The Center for Democracy & Technology applauded the introduction today of legislation to update and strengthen rules for government surveillance. The bill, introduced by Sen. Patrick J. Leahy (D-VT), would update the Electronic Communications Privacy Act, a 1986 law that sets rules for government access to email and other Internet communications. The bill would require the government to obtain a warrant from a judge before reading someone's email. It would also require a warrant for the government to track people in real time using their cell phones.
"Of course, the government needs to be able to investigate crimes and protect the national security, but it should do so within the rules set by the Constitution, and that means the government should get a warrant from a judge," said Jim Dempsey, CDT Vice President for Public Policy. "The courts have been slow in responding to technology, and the protections have lagged, so Congress needs to act."

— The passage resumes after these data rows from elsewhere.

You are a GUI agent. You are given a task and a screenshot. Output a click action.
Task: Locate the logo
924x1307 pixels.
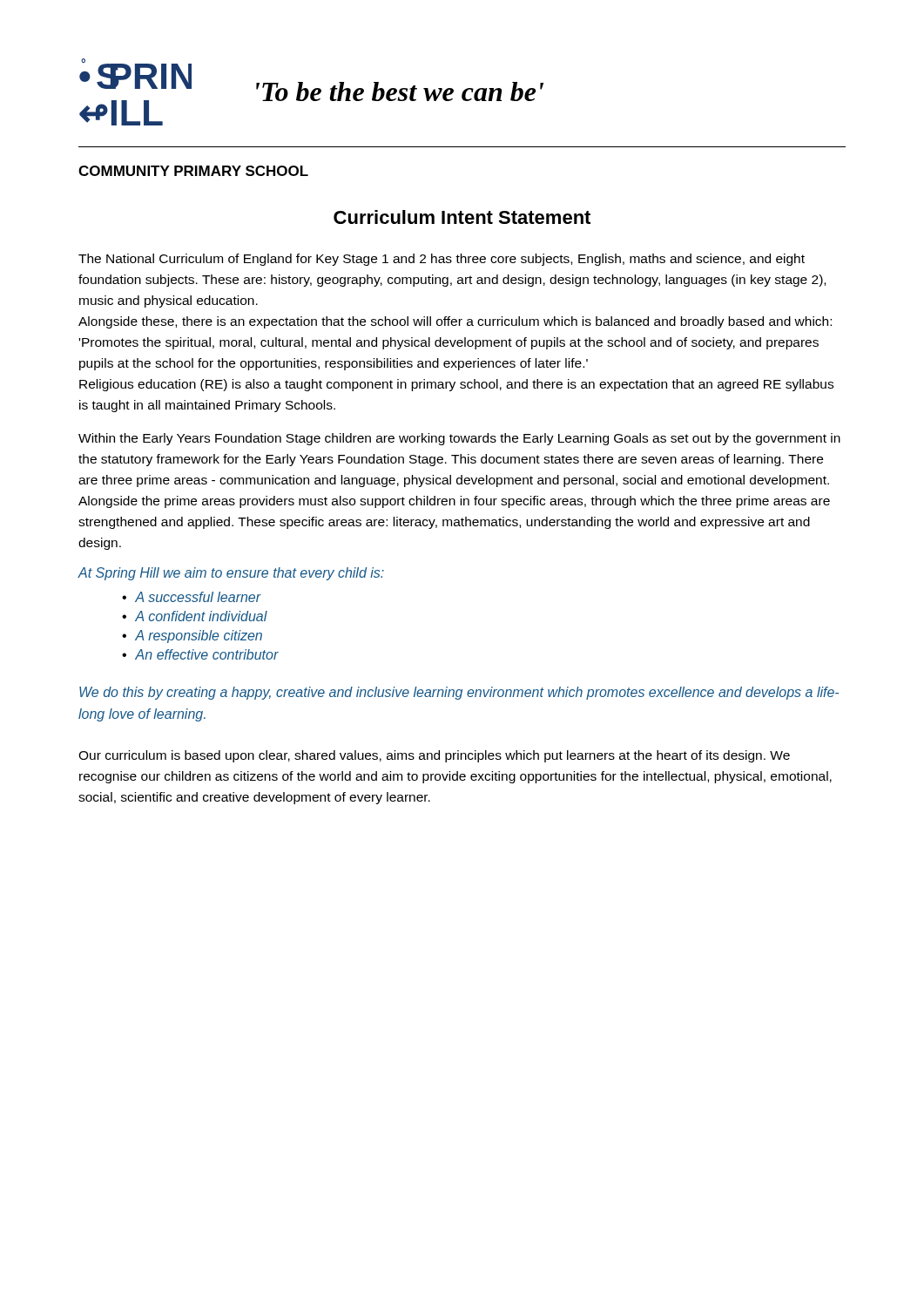(135, 91)
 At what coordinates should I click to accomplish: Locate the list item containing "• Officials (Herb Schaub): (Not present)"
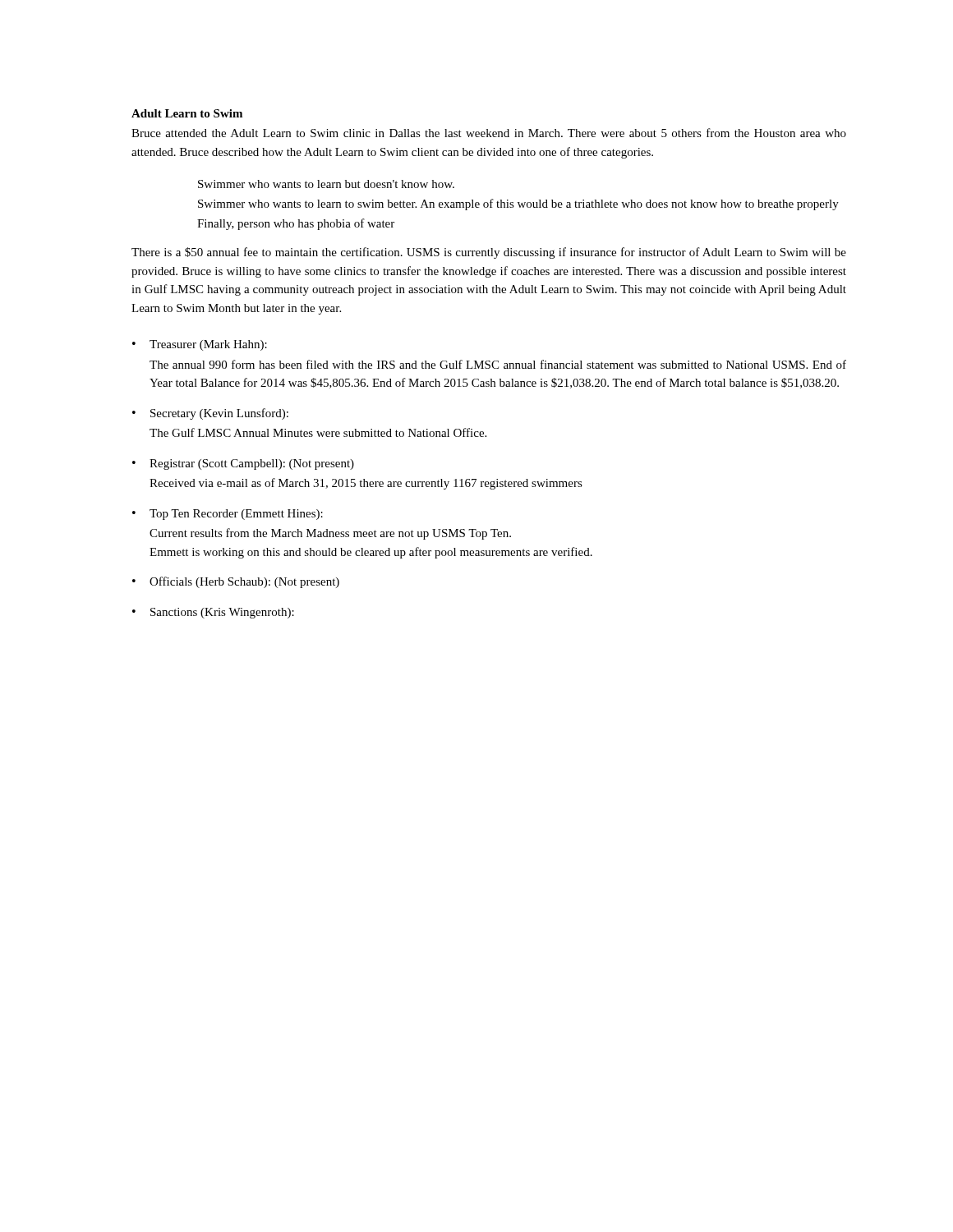pyautogui.click(x=236, y=582)
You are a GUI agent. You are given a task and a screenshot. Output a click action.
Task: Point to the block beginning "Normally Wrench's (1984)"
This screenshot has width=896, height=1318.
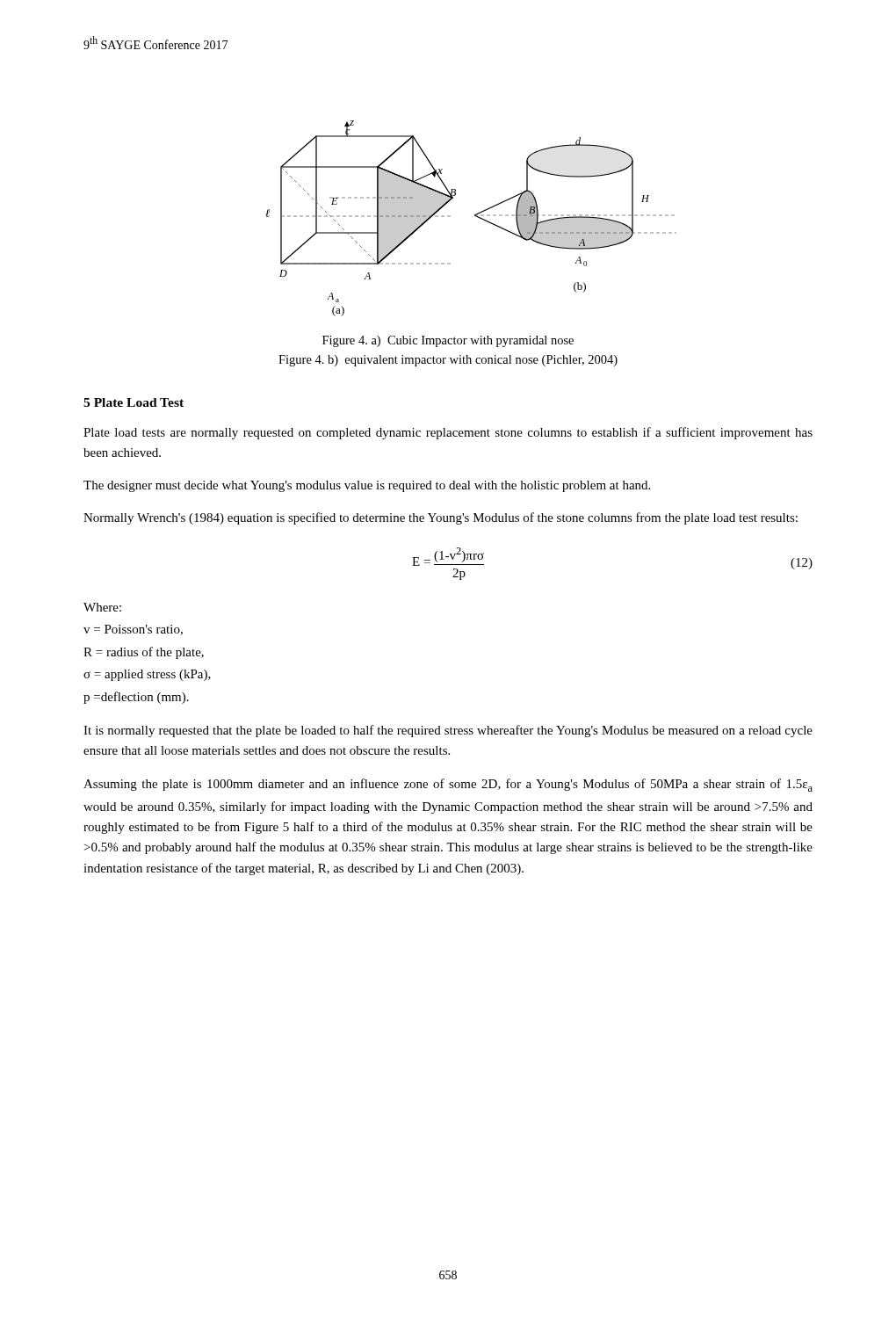coord(441,518)
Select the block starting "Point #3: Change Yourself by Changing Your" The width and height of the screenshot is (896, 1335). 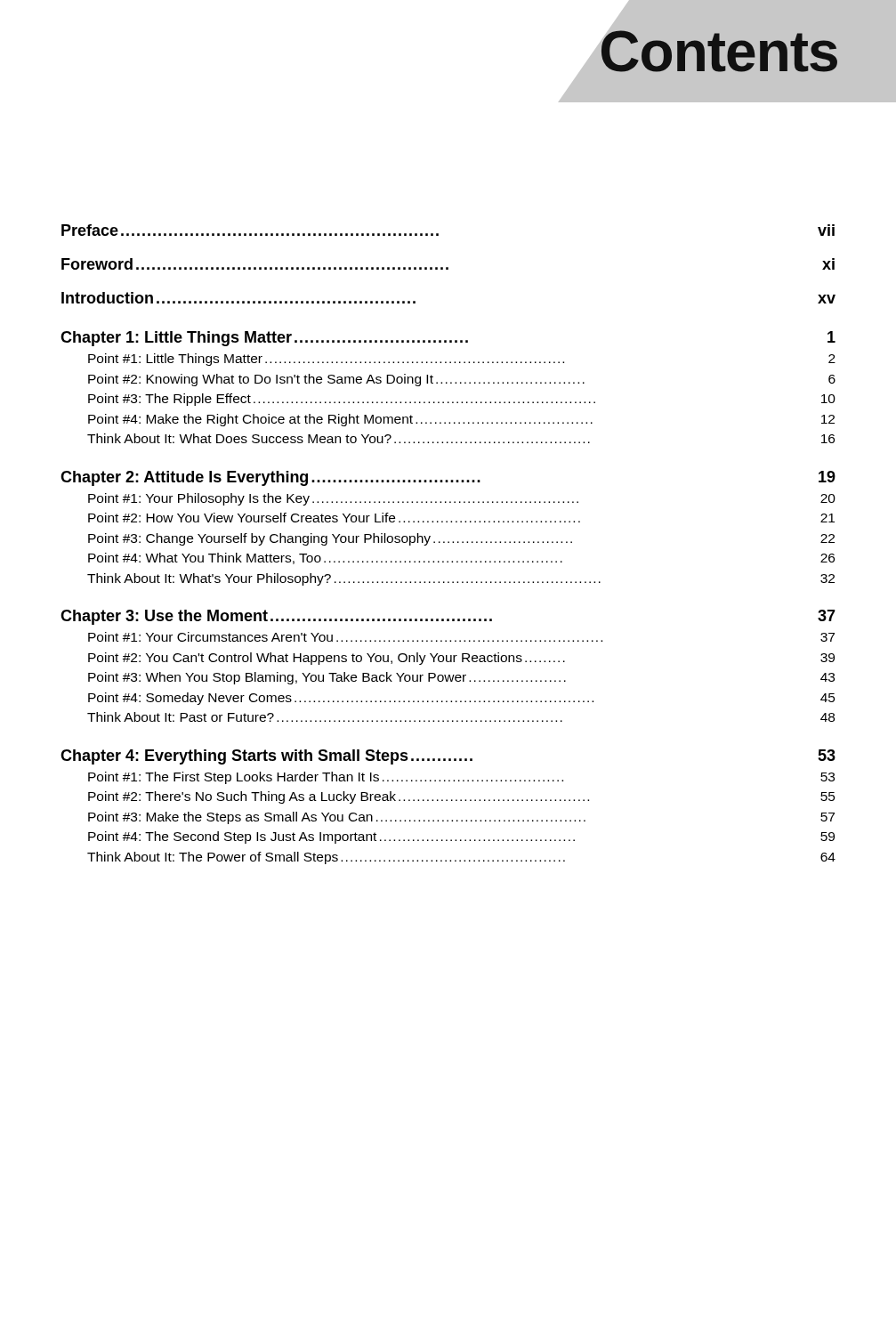tap(461, 538)

"Everyone knows that this technology we have become so dependent on also can expose our most intimate thoughts and our daily movements to government surveillance. I hope that the Justice Department will recognize that the Constitutional standard of a judge's warrant is the right standard for government intrusion on our privacy," said Dempsey.
Last year, Digital Due Process , a coalition of leading Internet and communications companies, think tanks, trade associations and advocacy groups across the political spectrum, issued recommendations for privacy, many of which are reflected in the Leahy bill.
Dempsey noted that the Leahy bill would allow the government to get retrospective records tracking a person's past location without a warrant. "In some ways, the bill does not provide full protection, and we will work to improve it, but as it stands now it is clearly a big leap forward."